* **The data**
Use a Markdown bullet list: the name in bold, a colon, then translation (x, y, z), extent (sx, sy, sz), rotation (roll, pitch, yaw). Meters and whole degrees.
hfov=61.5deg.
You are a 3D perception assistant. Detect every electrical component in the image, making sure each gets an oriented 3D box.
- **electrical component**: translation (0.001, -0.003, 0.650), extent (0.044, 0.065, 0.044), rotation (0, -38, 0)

...

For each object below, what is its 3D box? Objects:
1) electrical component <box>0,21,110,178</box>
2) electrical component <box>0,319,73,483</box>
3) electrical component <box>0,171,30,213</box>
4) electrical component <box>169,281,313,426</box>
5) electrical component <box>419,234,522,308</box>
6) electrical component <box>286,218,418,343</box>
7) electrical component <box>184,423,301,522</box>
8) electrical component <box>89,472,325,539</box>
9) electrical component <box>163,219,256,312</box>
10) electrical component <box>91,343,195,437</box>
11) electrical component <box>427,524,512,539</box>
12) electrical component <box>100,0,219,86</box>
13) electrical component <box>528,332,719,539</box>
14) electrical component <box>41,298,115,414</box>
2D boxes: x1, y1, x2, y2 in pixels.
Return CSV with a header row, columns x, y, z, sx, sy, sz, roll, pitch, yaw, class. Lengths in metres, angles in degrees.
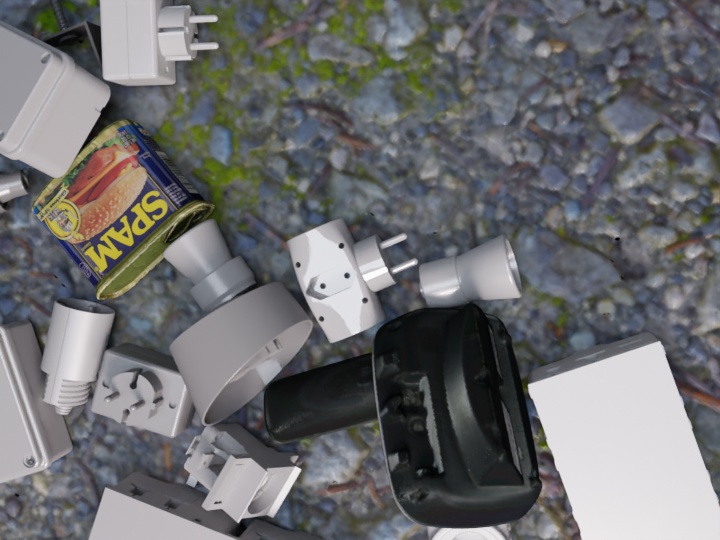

...

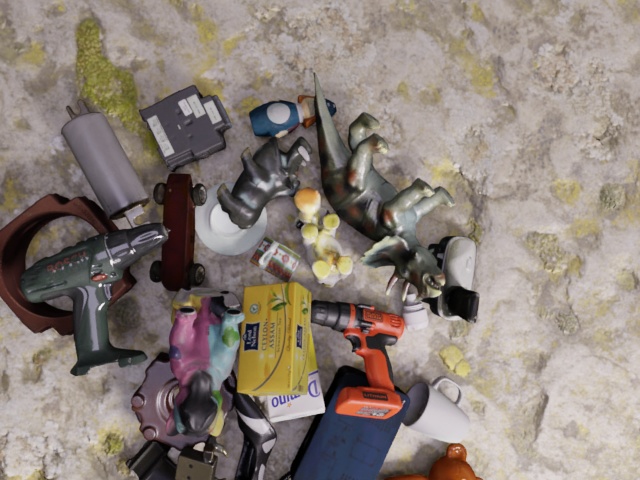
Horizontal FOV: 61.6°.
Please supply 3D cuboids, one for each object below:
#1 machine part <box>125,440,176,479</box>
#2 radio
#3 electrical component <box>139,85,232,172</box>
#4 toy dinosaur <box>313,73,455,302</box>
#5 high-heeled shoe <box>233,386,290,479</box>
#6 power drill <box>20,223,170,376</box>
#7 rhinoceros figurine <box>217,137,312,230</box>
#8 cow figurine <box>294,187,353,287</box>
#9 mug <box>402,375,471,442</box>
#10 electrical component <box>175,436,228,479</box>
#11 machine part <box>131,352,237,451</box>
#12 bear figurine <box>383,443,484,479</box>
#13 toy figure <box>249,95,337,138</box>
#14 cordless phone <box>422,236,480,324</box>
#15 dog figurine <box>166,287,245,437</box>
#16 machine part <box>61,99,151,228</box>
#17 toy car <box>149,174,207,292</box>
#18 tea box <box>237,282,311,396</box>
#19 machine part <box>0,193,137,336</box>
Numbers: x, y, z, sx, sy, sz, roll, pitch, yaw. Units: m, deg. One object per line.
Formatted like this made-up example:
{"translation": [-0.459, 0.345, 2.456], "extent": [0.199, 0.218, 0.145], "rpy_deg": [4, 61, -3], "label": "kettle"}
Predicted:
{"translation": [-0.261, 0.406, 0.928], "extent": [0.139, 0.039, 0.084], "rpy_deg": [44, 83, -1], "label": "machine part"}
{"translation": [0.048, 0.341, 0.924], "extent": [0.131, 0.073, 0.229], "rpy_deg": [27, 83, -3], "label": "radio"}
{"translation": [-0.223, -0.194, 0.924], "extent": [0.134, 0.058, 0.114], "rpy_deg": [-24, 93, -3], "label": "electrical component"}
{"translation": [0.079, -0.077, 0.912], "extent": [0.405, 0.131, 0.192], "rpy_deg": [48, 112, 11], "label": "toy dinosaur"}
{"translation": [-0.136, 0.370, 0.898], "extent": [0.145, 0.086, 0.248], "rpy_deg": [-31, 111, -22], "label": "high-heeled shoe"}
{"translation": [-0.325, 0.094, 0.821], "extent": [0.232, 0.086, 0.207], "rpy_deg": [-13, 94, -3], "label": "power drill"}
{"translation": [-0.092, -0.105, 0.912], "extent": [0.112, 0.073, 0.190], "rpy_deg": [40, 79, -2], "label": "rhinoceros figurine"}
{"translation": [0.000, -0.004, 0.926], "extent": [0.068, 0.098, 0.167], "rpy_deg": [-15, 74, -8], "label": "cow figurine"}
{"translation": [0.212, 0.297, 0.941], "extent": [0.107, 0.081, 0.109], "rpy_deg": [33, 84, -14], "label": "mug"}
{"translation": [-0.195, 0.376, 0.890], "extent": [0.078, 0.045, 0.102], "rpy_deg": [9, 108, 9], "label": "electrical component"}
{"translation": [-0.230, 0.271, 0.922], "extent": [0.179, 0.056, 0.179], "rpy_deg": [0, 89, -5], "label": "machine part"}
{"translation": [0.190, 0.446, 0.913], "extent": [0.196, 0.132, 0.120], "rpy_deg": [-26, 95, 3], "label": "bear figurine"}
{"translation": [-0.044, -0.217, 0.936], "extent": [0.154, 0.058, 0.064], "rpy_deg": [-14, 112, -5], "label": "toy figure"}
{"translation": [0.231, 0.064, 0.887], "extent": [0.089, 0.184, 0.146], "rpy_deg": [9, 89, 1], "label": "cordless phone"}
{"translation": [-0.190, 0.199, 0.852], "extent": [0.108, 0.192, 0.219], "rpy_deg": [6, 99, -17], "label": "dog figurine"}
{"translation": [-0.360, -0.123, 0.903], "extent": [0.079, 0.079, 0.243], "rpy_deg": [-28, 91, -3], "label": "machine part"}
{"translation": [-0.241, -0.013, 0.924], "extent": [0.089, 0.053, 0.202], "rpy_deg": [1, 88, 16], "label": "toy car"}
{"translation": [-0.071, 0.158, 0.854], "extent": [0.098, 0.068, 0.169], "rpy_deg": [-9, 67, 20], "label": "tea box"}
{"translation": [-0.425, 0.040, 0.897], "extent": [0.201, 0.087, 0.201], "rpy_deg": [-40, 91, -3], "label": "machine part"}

* **Work order**
In the listing above, find the line containing "Use a Markdown" and the line containing "hfov=61.5deg.". Output them and every line between, exactly, and nothing else.

* **Solution for this exercise**
Use a Markdown bullet list: the name in bold, a colon, then translation (x, y, z), extent (sx, sy, sz), rotation (roll, pitch, yaw). Meters and whole degrees.
hfov=61.5deg.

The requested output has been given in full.